Residual standard error: 2.593 on 29 degrees of freedom
Multiple R-squared:  0.8268,    Adjusted R-squared:  0.8148 
F-statistic: 69.21 on 2 and 29 DF,  p-value: 9.109e-12
## create a visualisation

# libraries
library(ggplot2)
library(ggpmisc)

# summary of the model to extract coefficients and R-squared
model_summary <- summary(model)
equation <- paste("mpg =",
                  format(round(model_summary$coefficients[1], 2), nsmall = 2), "+",
                  format(round(model_summary$coefficients[2], 2), nsmall = 2), "*wt +",
                  format(round(model_summary$coefficients[3], 2), nsmall = 2), "*hp")
r_squared <- paste("R^2 =", format(round(model_summary$r.squared, 2), nsmall = 2))

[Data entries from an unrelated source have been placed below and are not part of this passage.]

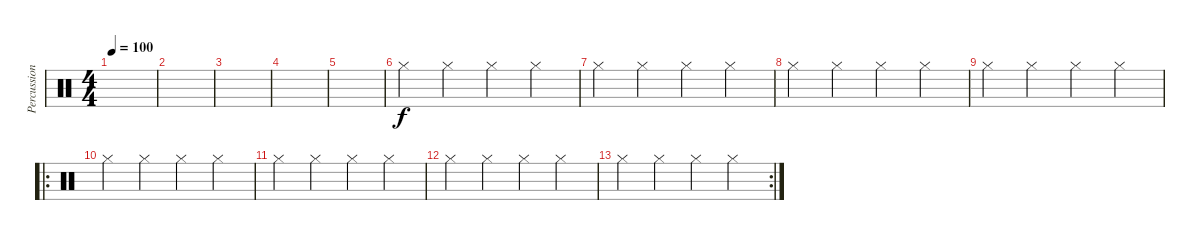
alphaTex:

\track ("Percussion" "Percussion") {instrument percussion}
\staff {score}
\articulation defaults
\ts (4 4)
\tempo 100
\clef neutral
\ks c
|
|
|
|
|
"Hi-Hat (closed)".4 "Hi-Hat (closed)".4 "Hi-Hat (closed)".4 "Hi-Hat (closed)".4 |
"Hi-Hat (closed)".4 "Hi-Hat (closed)".4 "Hi-Hat (closed)".4 "Hi-Hat (closed)".4 |
"Hi-Hat (closed)".4 "Hi-Hat (closed)".4 "Hi-Hat (closed)".4 "Hi-Hat (closed)".4 |
"Hi-Hat (closed)".4 "Hi-Hat (closed)".4 "Hi-Hat (closed)".4 "Hi-Hat (closed)".4 |
\ro "Hi-Hat (closed)".4 "Hi-Hat (closed)".4 "Hi-Hat (closed)".4 "Hi-Hat (closed)".4
|
"Hi-Hat (closed)".4 "Hi-Hat (closed)".4 "Hi-Hat (closed)".4 "Hi-Hat (closed)".4 |
"Hi-Hat (closed)".4 "Hi-Hat (closed)".4 "Hi-Hat (closed)".4 "Hi-Hat (closed)".4 |
\rc 2 "Hi-Hat (closed)".4 "Hi-Hat (closed)".4 "Hi-Hat (closed)".4 "Hi-Hat (closed)".4

# Create plot, including regression equation annotated on plot
p <- ggplot(mtcars, aes(x = wt, y = mpg)) +
  geom_point() +
  geom_smooth(method = "lm", formula = y ~ x, se = FALSE, color = "blue") +
  theme_minimal() +
  labs(title = "Linear Regression of MPG on Weight and Horsepower",
       x = "Weight (1000 lbs)",
       y = "Miles per Gallon (MPG)") +
  annotate("text", x = min(mtcars$wt), y = min(mtcars$mpg), label = equation, hjust = 0, vjust = 0, size = 3.5) +
  annotate("text", x = min(mtcars$wt), y = min(mtcars$mpg) + 2, label = r_squared, hjust = 0, vjust = 0, size = 3.5) +
  theme_bw() +
  theme(plot.title = element_text(hjust = 0.5))


# Print plot
print(p)

78.3 Understanding model output and model fit

Understanding the output of a linear regression model is crucial for interpreting the results and assessing the model’s efficacy.

Key components of the model output include:

  • Coefficients: These values indicate the estimated change in the dependent variable for a one-unit change in the predictor variable. The intercept \((β0)\) represents the value of \(Y\) when all Xs are 0. In the model above the intercept = 37.23.

  • R-squared (R²): This statistic provides a measure of how well the observed outcomes are replicated by the model, based on the proportion of total variation of outcomes explained by the model. In the example above, R² = 0.83, suggesting around 83% of the total variance in the outcome (MPG) is explained by 37.23 + (-3.88 * wt) + (-0.03 * hp).

  • Adjusted R-squared: Particularly important in multiple regression, this adjusts the R² for the number of predictors in the model, providing a more accurate measure of model fit.

  • F-statistic: This tests the null hypothesis that all regression coefficients are equal to zero, essentially checking whether the model provides a better fit than a model with no predictors.

  • p-values: These provide the probability of observing the data (or something more extreme) assuming that the null hypothesis is true. In the context of regression, a p-value for each coefficient tests the null hypothesis that the coefficient is zero.

  • Residual Standard Error (RSE): This reflects the average distance that the observed values fall from the regression line.

By examining these outputs, you can assess the reliability and predictive power of your linear regression model, and make further adjustments or interpretations in line with your objectives as an analyst.